→ Exercise data
▼▼▼

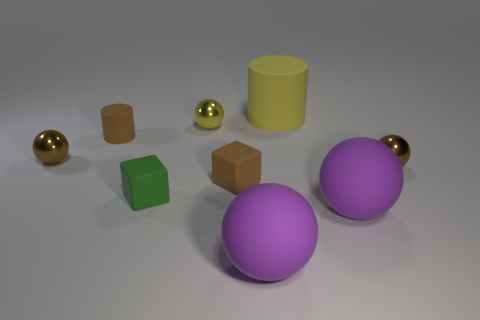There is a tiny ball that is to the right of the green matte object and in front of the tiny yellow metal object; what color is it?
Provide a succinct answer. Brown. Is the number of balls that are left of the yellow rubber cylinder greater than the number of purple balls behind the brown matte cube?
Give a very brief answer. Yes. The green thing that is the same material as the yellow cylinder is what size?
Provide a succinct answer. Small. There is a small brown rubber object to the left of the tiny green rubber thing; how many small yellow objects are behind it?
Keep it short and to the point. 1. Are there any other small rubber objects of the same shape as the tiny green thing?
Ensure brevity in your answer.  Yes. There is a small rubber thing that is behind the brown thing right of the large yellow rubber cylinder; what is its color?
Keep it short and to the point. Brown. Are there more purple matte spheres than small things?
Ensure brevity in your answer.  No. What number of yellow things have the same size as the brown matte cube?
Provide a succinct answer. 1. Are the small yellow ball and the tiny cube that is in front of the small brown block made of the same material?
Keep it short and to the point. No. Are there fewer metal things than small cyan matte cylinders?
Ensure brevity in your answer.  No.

▲▲▲
▼▼▼

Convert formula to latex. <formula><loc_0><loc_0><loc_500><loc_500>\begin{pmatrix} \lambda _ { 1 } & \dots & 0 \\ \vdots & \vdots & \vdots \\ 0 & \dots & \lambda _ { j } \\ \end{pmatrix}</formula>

▲▲▲
▼▼▼

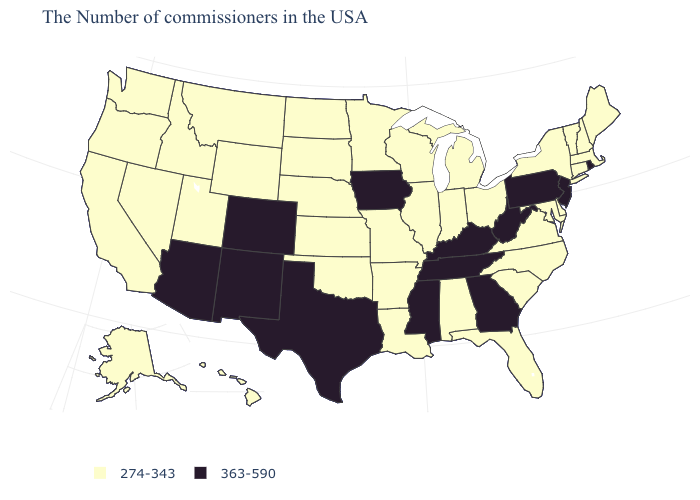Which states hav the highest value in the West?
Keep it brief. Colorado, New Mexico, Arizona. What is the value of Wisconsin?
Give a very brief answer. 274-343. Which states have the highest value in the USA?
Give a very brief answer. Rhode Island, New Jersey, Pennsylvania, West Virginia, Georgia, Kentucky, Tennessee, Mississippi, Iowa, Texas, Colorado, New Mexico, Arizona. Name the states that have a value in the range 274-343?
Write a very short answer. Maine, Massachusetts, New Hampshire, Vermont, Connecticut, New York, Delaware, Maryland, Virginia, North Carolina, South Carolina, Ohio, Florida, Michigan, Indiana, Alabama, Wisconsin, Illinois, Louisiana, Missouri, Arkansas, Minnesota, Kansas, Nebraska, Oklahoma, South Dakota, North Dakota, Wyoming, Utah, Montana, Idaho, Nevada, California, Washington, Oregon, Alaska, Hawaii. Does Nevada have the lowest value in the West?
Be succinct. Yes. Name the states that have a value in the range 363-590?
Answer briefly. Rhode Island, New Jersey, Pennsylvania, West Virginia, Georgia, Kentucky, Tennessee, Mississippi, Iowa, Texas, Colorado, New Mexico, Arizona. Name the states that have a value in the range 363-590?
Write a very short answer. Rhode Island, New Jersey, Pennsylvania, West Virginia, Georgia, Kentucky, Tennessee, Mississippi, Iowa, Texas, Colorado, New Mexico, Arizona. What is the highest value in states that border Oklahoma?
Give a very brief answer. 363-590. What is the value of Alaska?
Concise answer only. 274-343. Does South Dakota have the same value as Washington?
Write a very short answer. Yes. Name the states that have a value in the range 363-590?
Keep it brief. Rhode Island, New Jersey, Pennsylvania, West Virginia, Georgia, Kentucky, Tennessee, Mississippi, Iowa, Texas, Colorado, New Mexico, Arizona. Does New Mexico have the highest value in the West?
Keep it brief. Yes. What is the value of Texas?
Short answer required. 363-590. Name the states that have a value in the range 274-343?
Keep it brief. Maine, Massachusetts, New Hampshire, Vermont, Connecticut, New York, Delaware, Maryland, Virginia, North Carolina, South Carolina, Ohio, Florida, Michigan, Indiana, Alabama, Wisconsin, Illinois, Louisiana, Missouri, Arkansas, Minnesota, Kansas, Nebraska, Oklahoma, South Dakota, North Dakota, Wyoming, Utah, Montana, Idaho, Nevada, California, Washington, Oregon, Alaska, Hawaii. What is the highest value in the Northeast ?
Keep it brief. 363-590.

▲▲▲

→ Exercise
From the records above, reproduce exactly the lines from the one with "Keep it short and to the point. Brown." to the one with "as the brown matte cube?", both included, and no others.

→ Solution to this exercise
Keep it short and to the point. Brown. Are there more purple matte spheres than small things?
Ensure brevity in your answer.  No. What number of yellow things have the same size as the brown matte cube?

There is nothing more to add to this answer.